Assignment: Reproduce the lines below exactly. Skip images.

---

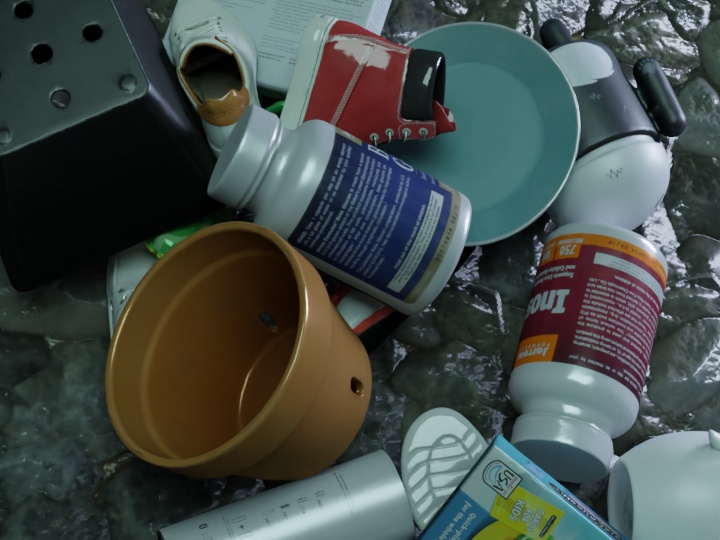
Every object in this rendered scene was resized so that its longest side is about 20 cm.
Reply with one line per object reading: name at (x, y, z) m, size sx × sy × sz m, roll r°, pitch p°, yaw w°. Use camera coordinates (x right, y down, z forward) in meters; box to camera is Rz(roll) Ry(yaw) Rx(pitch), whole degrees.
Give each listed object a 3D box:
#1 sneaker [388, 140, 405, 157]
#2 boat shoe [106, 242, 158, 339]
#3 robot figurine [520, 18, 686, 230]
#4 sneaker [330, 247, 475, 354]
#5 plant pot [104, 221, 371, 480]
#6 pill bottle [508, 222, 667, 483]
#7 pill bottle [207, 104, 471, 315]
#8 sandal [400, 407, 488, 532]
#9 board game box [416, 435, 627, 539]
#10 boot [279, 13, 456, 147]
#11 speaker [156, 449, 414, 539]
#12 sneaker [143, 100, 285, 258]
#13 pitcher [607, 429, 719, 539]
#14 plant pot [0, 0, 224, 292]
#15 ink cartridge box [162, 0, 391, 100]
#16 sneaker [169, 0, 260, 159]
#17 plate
sneaker at (-0.005, -0.167, 1.550) m, size 0.072 × 0.072 × 0.201 m, roll -25°, pitch 69°, yaw 3°
boat shoe at (-0.179, 0.042, 1.432) m, size 0.070 × 0.069 × 0.202 m, roll -8°, pitch 65°, yaw -5°
robot figurine at (0.197, -0.124, 1.517) m, size 0.124 × 0.150 × 0.201 m, roll -5°, pitch 61°, yaw -41°
sneaker at (0.000, 0.000, 1.472) m, size 0.108 × 0.067 × 0.201 m, roll 42°, pitch 65°, yaw 15°
plant pot at (-0.085, 0.081, 1.340) m, size 0.199 × 0.140 × 0.202 m, roll -17°, pitch 58°, yaw 29°
pill bottle at (0.189, 0.070, 1.430) m, size 0.112 × 0.113 × 0.202 m, roll 16°, pitch 64°, yaw 2°
pill bottle at (-0.019, -0.054, 1.370) m, size 0.199 × 0.111 × 0.112 m, roll 26°, pitch 64°, yaw -14°
sandal at (0.088, 0.214, 1.392) m, size 0.082 × 0.050 × 0.204 m, roll -22°, pitch 84°, yaw -11°
board game box at (0.139, 0.252, 1.320) m, size 0.199 × 0.047 × 0.151 m, roll 38°, pitch 100°, yaw 4°
boot at (0.001, -0.102, 1.438) m, size 0.143 × 0.072 × 0.202 m, roll 19°, pitch 106°, yaw 10°
speaker at (-0.058, 0.213, 1.360) m, size 0.198 × 0.081 × 0.082 m, roll -19°, pitch 68°, yaw -14°
sneaker at (-0.121, -0.084, 1.475) m, size 0.074 × 0.084 × 0.200 m, roll 35°, pitch 57°, yaw 9°
pitcher at (0.310, 0.171, 1.370) m, size 0.198 × 0.173 × 0.122 m, roll 0°, pitch 29°, yaw -7°
plant pot at (-0.240, -0.132, 1.368) m, size 0.198 × 0.178 × 0.201 m, roll -23°, pitch 71°, yaw -6°
ink cartridge box at (-0.066, -0.257, 1.535) m, size 0.195 × 0.043 × 0.202 m, roll 16°, pitch 81°, yaw 24°
sneaker at (-0.126, -0.188, 1.449) m, size 0.072 × 0.085 × 0.201 m, roll -22°, pitch 48°, yaw -2°
plate at (0.093, -0.117, 1.467) m, size 0.198 × 0.026 × 0.202 m, roll -3°, pitch 78°, yaw 13°

---

Output of the exercise:
Every object in this rendered scene was resized so that its longest side is about 20 cm.
Reply with one line per object reading: name at (x, y, z) m, size sx × sy × sz m, roll r°, pitch p°, yaw w°. Use camera coordinates (x right, y down, z forward) in meters; box to camera is Rz(roll) Ry(yaw) Rx(pitch), whole degrees.
Give each listed object a 3D box:
#1 sneaker [388, 140, 405, 157]
#2 boat shoe [106, 242, 158, 339]
#3 robot figurine [520, 18, 686, 230]
#4 sneaker [330, 247, 475, 354]
#5 plant pot [104, 221, 371, 480]
#6 pill bottle [508, 222, 667, 483]
#7 pill bottle [207, 104, 471, 315]
#8 sandal [400, 407, 488, 532]
#9 board game box [416, 435, 627, 539]
#10 boot [279, 13, 456, 147]
#11 speaker [156, 449, 414, 539]
#12 sneaker [143, 100, 285, 258]
#13 pitcher [607, 429, 719, 539]
#14 plant pot [0, 0, 224, 292]
#15 ink cartridge box [162, 0, 391, 100]
#16 sneaker [169, 0, 260, 159]
#17 plate
sneaker at (-0.005, -0.167, 1.550) m, size 0.072 × 0.072 × 0.201 m, roll -25°, pitch 69°, yaw 3°
boat shoe at (-0.179, 0.042, 1.432) m, size 0.070 × 0.069 × 0.202 m, roll -8°, pitch 65°, yaw -5°
robot figurine at (0.197, -0.124, 1.517) m, size 0.124 × 0.150 × 0.201 m, roll -5°, pitch 61°, yaw -41°
sneaker at (0.000, 0.000, 1.472) m, size 0.108 × 0.067 × 0.201 m, roll 42°, pitch 65°, yaw 15°
plant pot at (-0.085, 0.081, 1.340) m, size 0.199 × 0.140 × 0.202 m, roll -17°, pitch 58°, yaw 29°
pill bottle at (0.189, 0.070, 1.430) m, size 0.112 × 0.113 × 0.202 m, roll 16°, pitch 64°, yaw 2°
pill bottle at (-0.019, -0.054, 1.370) m, size 0.199 × 0.111 × 0.112 m, roll 26°, pitch 64°, yaw -14°
sandal at (0.088, 0.214, 1.392) m, size 0.082 × 0.050 × 0.204 m, roll -22°, pitch 84°, yaw -11°
board game box at (0.139, 0.252, 1.320) m, size 0.199 × 0.047 × 0.151 m, roll 38°, pitch 100°, yaw 4°
boot at (0.001, -0.102, 1.438) m, size 0.143 × 0.072 × 0.202 m, roll 19°, pitch 106°, yaw 10°
speaker at (-0.058, 0.213, 1.360) m, size 0.198 × 0.081 × 0.082 m, roll -19°, pitch 68°, yaw -14°
sneaker at (-0.121, -0.084, 1.475) m, size 0.074 × 0.084 × 0.200 m, roll 35°, pitch 57°, yaw 9°
pitcher at (0.310, 0.171, 1.370) m, size 0.198 × 0.173 × 0.122 m, roll 0°, pitch 29°, yaw -7°
plant pot at (-0.240, -0.132, 1.368) m, size 0.198 × 0.178 × 0.201 m, roll -23°, pitch 71°, yaw -6°
ink cartridge box at (-0.066, -0.257, 1.535) m, size 0.195 × 0.043 × 0.202 m, roll 16°, pitch 81°, yaw 24°
sneaker at (-0.126, -0.188, 1.449) m, size 0.072 × 0.085 × 0.201 m, roll -22°, pitch 48°, yaw -2°
plate at (0.093, -0.117, 1.467) m, size 0.198 × 0.026 × 0.202 m, roll -3°, pitch 78°, yaw 13°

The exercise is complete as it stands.